[Start of Attachment]

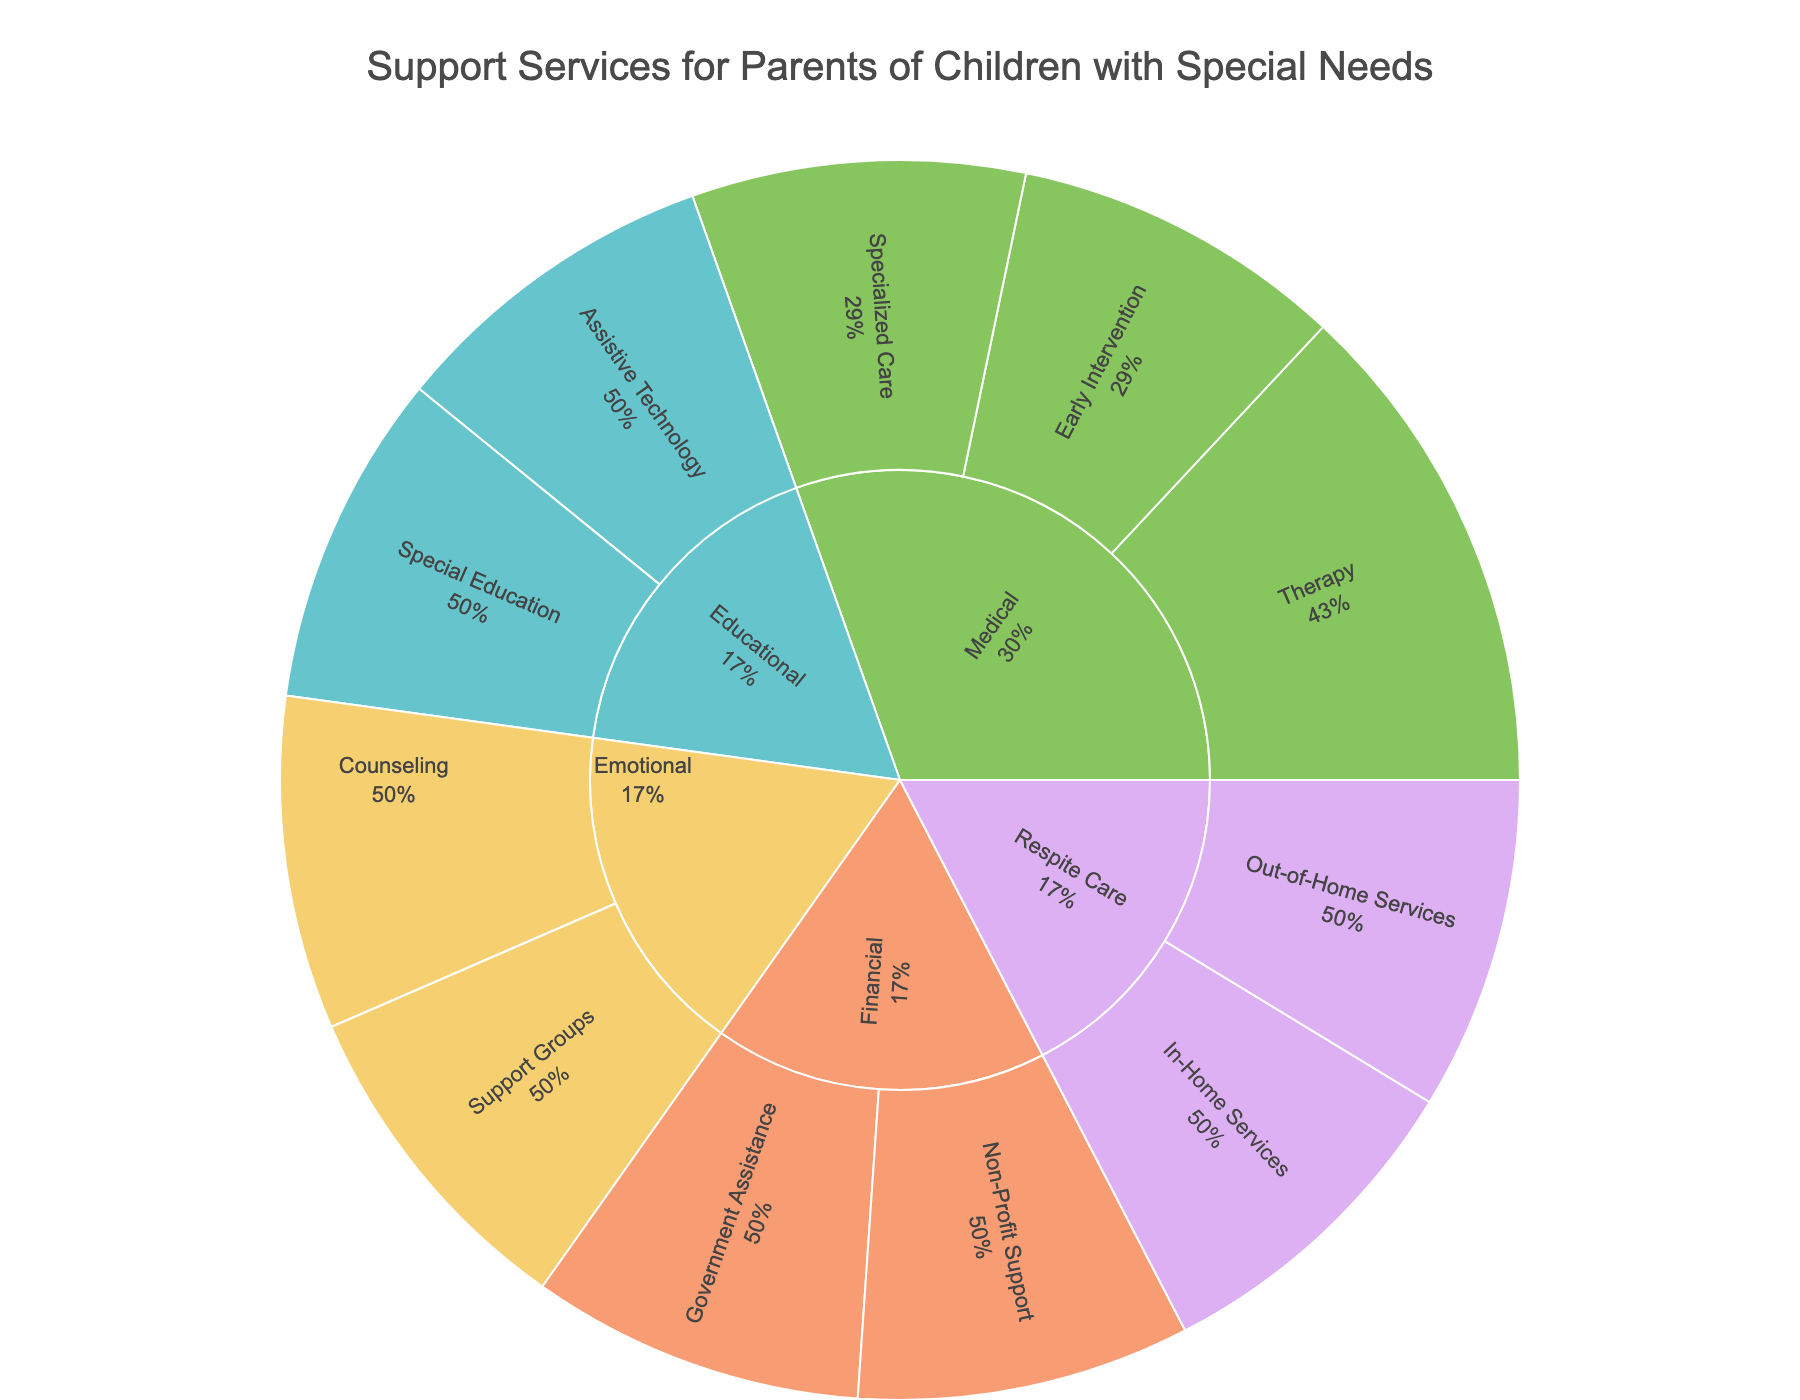what is the main title of the sunburst plot? The main title is usually displayed prominently at the top of the plot. From the code, it is mentioned that the title fed into the plot is "Support Services for Parents of Children with Special Needs".
Answer: Support Services for Parents of Children with Special Needs Which category has the most sub-categories? By looking at the plot, you can see the initial segments of each color which represent the main categories, then count the sub-segments under them. From the data, the category Medical has three types (Early Intervention, Therapy, Specialized Care).
Answer: Medical Which services fall under Financial > Government Assistance? First, find the Financial category. Then, under the Government Assistance type, you should see the individual services listed. From the data given, these are Supplemental Security Income (SSI) and Medicaid Waivers.
Answer: Supplemental Security Income (SSI), Medicaid Waivers What percentage of the Medical category services are classified under Therapy? First, identify the three types of services under Medical category. Then count the individual services under each type. The Therapy category has 3 services (Physical Therapy, Occupational Therapy, Speech Therapy) out of a total of 8 services in the Medical category. This constitutes \( \frac{3}{8} \times 100 = 37.5\% \).
Answer: 37.5% Which category offers Respite Centers? To answer this question, look at the categories and find the one that includes the Respite Centers service. From our data, Respite Centers fall under the Respite Care category.
Answer: Respite Care How many types of services are there in the Emotional category? Identify the Emotional category in the sunburst plot. Count the number of distinct types under this category. The data shows there are 2 types (Support Groups, Counseling).
Answer: 2 Which has more services within it: Educational Assistive Technology or Financial Non-Profit Support? Compare the number of services under Educational Assistive Technology (which has 2 services: Communication Devices, Adaptive Learning Software) with Financial Non-Profit Support (which also has 2 services: Grants for Adaptive Equipment, Scholarships for Special Needs Education).
Answer: They have an equal number of services List all services available in Medical > Specialized Care. First, locate the Medical category, then navigate to the Specialized Care type within it. According to the data, the services listed under Specialized Care are Pediatric Neurology and Genetic Counseling.
Answer: Pediatric Neurology, Genetic Counseling What is the main difference between Respite Care in-home services and out-of-home services? Compare the services listed under In-Home Services with those listed under Out-of-Home Services within the Respite Care category. The In-Home Services include Skilled Nursing Care and Personal Care Assistance, whereas Out-of-Home Services include Respite Centers and Special Needs Camps.
Answer: In-home: Skilled Nursing Care, Personal Care Assistance; Out-of-home: Respite Centers, Special Needs Camps Among the Educational services, which are directly related to technology? Find the services within the Educational category and identify which ones are related to technology. The Assistive Technology type includes Communication Devices and Adaptive Learning Software.
Answer: Communication Devices, Adaptive Learning Software

[End of Attachment]

• [Your assignment]: Check the listing above for lines containing the string "Technology", and copy each one.

• [Reply]:
Answer: 2 Which has more services within it: Educational Assistive Technology or Financial Non-Profit Support? Compare the number of services under Educational Assistive Technology (which has 2 services: Communication Devices, Adaptive Learning Software) with Financial Non-Profit Support (which also has 2 services: Grants for Adaptive Equipment, Scholarships for Special Needs Education).
Answer: In-home: Skilled Nursing Care, Personal Care Assistance; Out-of-home: Respite Centers, Special Needs Camps Among the Educational services, which are directly related to technology? Find the services within the Educational category and identify which ones are related to technology. The Assistive Technology type includes Communication Devices and Adaptive Learning Software.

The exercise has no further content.